In the hospital, a group of nursing students came to play bingo one Friday night. A young woman asked if I would join her. Bingo, I said; I’ve never in my life played. She thought for a moment and said that she had only played bingo in the hospital. It was her eighth hospitalization; she had been schooled for a while in the hospital, and once she pointed out a small patch of fenced-in green where she and other children had been let out to exercise. Often her father visited her in the afternoon, and I would watch them sitting together playing a game, not attempting conversation. By then, all words must have been inadequate; language does little to help a mind survive time.
Yet language is capable of sinking a mind. One’s thoughts are slavishly bound to language. I used to think an abyss is a moment of despair becoming interminable, but any moment, even the direst, is bound to end. What is abysmal is that one’s erratic language closes on one as quicksand. Yet what is spoken by others—truth as cliché, cliché as the only truth—is as indisputable as the retreating solid ground, getting further and further beyond reach. The abyss is that time is annulled by language. We can kill time, but language kills us.
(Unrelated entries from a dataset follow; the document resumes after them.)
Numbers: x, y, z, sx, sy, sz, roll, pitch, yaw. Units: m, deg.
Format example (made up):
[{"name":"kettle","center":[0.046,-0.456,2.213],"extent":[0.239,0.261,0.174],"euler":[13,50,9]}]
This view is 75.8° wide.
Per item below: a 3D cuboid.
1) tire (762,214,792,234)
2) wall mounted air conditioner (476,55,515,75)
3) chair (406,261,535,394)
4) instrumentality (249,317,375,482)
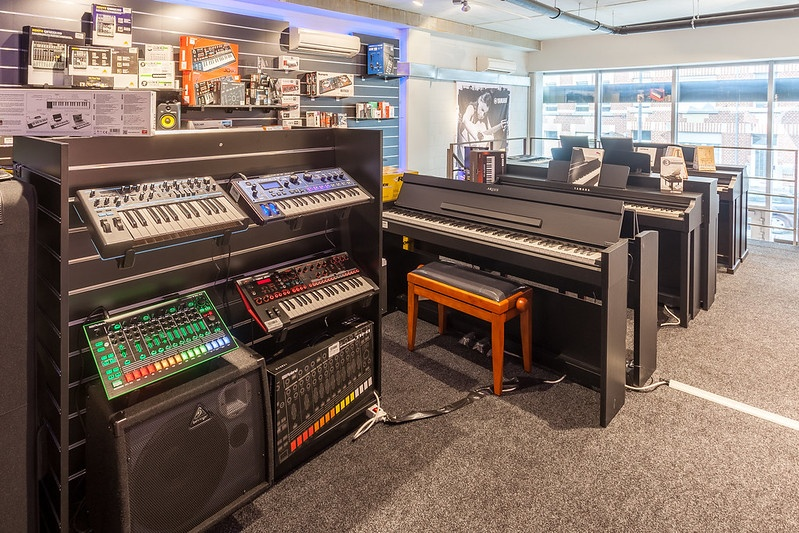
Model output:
[{"name":"tire","center":[5.998,-0.676,8.182],"extent":[0.308,0.319,0.114],"euler":[-2,-1,8]},{"name":"wall mounted air conditioner","center":[1.823,-3.817,9.818],"extent":[0.201,0.298,1.069],"euler":[18,27,41]},{"name":"chair","center":[0.555,0.446,4.245],"extent":[0.468,0.797,1.118],"euler":[-18,24,-39]},{"name":"instrumentality","center":[-0.570,0.864,3.248],"extent":[0.336,0.792,0.885],"euler":[5,15,40]}]
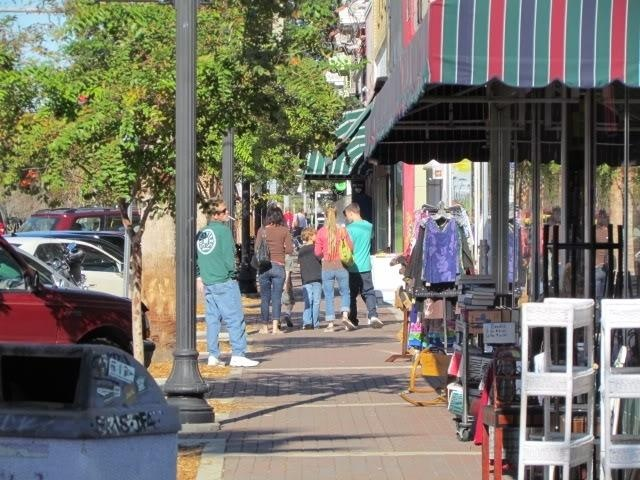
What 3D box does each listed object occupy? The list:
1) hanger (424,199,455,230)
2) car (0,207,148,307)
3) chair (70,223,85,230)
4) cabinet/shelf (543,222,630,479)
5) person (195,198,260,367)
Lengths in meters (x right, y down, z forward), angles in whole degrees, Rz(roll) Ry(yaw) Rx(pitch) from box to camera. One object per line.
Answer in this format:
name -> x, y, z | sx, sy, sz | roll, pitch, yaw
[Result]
hanger -> 1.644, -0.393, 13.703 | 0.395, 0.370, 0.505 | -1, -2, 1
car -> -4.305, 0.417, 17.193 | 2.297, 1.411, 1.580 | -2, 9, -29
chair -> -5.278, -0.338, 21.224 | 0.143, 0.165, 0.142 | 3, -4, -39
cabinet/shelf -> 2.704, 0.560, 10.011 | 1.053, 2.540, 1.207 | 1, 3, 8
person -> -1.301, 0.564, 13.102 | 0.701, 2.251, 0.984 | -1, -2, -5
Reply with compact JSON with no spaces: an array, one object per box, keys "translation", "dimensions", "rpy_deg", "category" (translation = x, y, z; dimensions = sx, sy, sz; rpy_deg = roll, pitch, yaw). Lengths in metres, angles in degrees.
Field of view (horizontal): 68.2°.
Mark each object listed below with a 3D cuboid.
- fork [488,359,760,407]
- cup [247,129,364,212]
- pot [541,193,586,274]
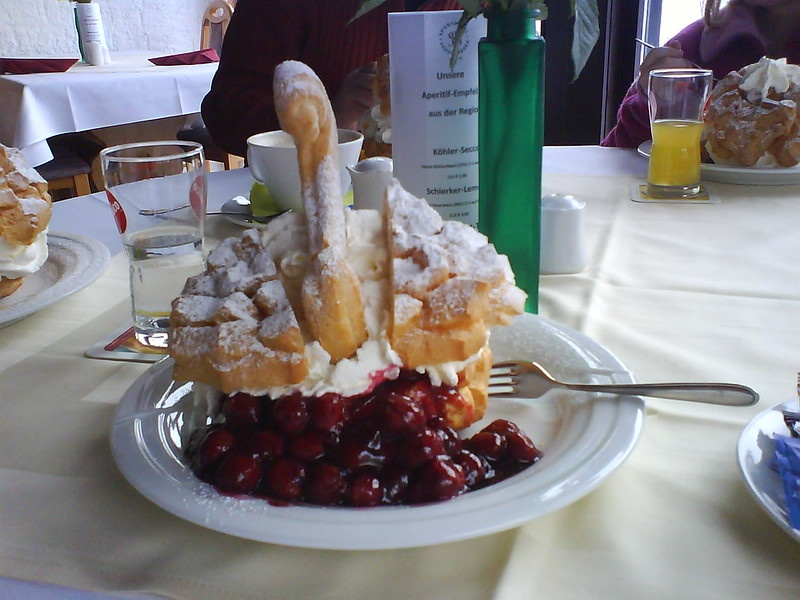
[{"translation":[0.205,0.080,0.560],"dimensions":[0.250,0.014,0.039],"rpy_deg":[-2,39,27],"category":"fork"},{"translation":[-0.173,-0.223,1.044],"dimensions":[0.196,0.132,0.184],"rpy_deg":[2,25,-1],"category":"cup"},{"translation":[0.261,-0.081,0.897],"dimensions":[0.046,0.077,0.076],"rpy_deg":[10,-6,29],"category":"pot"}]
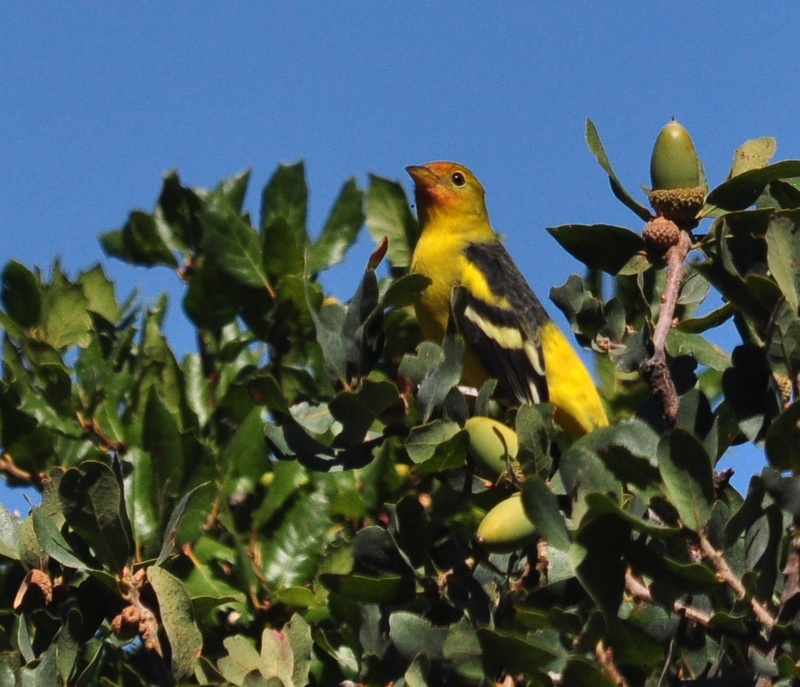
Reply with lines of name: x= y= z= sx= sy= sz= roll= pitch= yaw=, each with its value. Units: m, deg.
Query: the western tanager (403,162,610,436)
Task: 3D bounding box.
western tanager: x=0.360 y=-0.142 z=5.710 sx=0.496 sy=1.289 sz=0.754 roll=-2 pitch=2 yaw=37
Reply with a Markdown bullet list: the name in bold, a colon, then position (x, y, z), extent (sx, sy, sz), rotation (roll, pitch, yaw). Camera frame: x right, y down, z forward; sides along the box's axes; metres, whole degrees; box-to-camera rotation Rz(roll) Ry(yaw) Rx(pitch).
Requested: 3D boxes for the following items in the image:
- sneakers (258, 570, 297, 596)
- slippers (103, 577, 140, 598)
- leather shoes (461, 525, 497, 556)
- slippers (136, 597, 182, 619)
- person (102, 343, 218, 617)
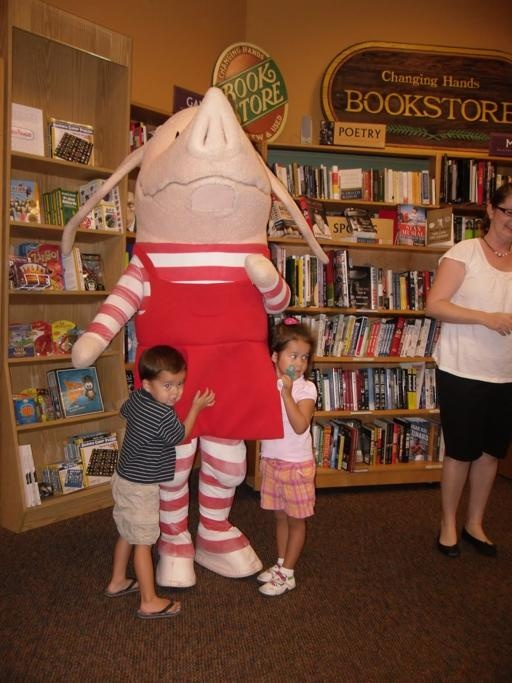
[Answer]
- **sneakers**: position (0.078, 0.733, 1.700), extent (0.140, 0.060, 0.052), rotation (0, 27, -47)
- **slippers**: position (-0.416, 0.755, 1.685), extent (0.103, 0.028, 0.037), rotation (-2, 5, -39)
- **leather shoes**: position (0.847, 0.771, 2.092), extent (0.046, 0.045, 0.125), rotation (2, 2, -25)
- **slippers**: position (-0.263, 0.760, 1.549), extent (0.089, 0.024, 0.048), rotation (0, -4, -9)
- **person**: position (-0.323, 0.399, 1.608), extent (0.309, 0.773, 0.239), rotation (2, 1, 33)
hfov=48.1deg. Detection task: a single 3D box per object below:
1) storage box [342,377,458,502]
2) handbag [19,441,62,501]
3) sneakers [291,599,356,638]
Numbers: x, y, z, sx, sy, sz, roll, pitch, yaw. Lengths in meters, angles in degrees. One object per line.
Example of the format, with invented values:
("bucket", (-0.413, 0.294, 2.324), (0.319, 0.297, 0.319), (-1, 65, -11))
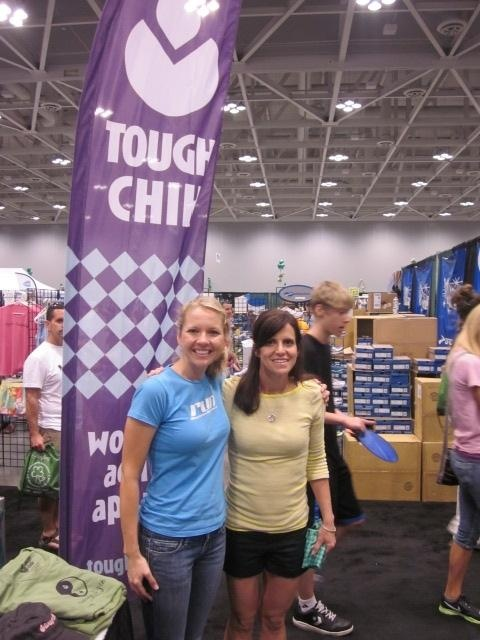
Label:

“Patient stated that she felt like a burden to loved ones”—much later, when I read the notes from the emergency room, I did not have any recollection of the conversation. A burden to loved ones : this language must have been provided to me. I would never use the phrase in my thinking or writing. But my resistance has little to do with avoiding a platitude. To say a burden is to grant oneself weight in other people’s lives; to call them loved ones is to fake one’s ability to love. One does not always want to subject oneself to self-interrogation imposed by a cliché.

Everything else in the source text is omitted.